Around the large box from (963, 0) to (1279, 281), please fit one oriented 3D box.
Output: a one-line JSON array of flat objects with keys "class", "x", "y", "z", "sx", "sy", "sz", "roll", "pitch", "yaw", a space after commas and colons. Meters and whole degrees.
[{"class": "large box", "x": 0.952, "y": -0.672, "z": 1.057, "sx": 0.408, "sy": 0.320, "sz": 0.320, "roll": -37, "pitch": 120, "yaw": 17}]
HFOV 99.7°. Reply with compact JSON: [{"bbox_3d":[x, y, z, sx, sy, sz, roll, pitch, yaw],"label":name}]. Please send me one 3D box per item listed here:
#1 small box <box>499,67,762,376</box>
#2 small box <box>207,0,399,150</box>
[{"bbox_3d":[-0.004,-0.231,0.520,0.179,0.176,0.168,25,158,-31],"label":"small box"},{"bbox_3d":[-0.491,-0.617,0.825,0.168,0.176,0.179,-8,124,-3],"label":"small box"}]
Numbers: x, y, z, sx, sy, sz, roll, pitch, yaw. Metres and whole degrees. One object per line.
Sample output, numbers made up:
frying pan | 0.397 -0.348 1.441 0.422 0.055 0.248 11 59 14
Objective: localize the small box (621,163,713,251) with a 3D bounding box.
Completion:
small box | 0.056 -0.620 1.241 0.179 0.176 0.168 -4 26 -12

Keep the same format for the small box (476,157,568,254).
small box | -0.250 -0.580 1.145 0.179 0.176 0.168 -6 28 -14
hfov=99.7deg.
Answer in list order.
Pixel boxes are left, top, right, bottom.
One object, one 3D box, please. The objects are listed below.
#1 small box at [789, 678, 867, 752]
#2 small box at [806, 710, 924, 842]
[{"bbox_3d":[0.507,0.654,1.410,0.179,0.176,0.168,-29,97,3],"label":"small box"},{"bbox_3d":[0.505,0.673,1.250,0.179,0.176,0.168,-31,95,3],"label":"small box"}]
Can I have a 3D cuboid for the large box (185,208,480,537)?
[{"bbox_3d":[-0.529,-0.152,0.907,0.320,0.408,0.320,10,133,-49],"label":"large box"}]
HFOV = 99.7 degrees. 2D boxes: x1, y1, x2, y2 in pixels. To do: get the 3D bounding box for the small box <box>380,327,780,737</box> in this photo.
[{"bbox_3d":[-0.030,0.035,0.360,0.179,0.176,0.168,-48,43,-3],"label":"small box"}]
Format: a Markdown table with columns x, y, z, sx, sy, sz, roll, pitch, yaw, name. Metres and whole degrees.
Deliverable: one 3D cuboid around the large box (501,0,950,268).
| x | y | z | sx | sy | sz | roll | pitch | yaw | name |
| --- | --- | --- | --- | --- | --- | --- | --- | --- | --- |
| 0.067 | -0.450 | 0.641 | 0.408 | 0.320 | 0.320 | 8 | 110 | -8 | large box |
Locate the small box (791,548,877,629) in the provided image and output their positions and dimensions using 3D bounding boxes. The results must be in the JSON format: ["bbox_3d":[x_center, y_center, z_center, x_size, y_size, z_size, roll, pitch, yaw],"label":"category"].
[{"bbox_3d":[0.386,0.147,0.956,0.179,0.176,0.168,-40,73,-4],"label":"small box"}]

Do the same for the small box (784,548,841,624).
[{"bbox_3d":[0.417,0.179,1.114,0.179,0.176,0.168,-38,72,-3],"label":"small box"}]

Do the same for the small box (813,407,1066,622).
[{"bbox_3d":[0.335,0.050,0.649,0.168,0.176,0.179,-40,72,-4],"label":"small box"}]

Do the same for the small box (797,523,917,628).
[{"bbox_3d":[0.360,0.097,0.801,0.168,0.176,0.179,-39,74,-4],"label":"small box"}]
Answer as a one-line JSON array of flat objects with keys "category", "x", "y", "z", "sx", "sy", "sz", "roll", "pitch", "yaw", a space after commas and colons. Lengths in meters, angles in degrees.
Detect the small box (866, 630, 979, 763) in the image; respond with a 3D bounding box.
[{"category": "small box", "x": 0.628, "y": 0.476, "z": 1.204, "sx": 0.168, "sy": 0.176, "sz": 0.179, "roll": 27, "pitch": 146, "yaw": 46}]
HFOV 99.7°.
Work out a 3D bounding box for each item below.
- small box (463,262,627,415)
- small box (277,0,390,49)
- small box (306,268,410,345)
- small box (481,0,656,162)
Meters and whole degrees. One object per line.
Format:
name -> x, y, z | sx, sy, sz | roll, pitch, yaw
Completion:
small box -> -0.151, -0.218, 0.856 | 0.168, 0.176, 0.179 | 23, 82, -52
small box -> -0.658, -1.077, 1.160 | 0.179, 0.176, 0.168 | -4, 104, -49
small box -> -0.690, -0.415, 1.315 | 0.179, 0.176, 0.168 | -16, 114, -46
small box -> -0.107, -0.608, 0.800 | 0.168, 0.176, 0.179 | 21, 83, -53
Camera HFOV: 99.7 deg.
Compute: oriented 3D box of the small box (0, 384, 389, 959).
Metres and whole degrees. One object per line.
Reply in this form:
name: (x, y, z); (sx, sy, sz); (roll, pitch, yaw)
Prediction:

===============

- _TO DO_
The lines needed are those in the data above that hold the string "Metres"; copy each of them.

- _RESPONSE AREA_
Numbers: x, y, z, sx, sy, sz, roll, pitch, yaw. Metres and whole degrees. One object per line.
Format: a Markdown table with columns x, y, z, sx, sy, sz, roll, pitch, yaw, name. Metres and whole degrees.
Metres and whole degrees. One object per line.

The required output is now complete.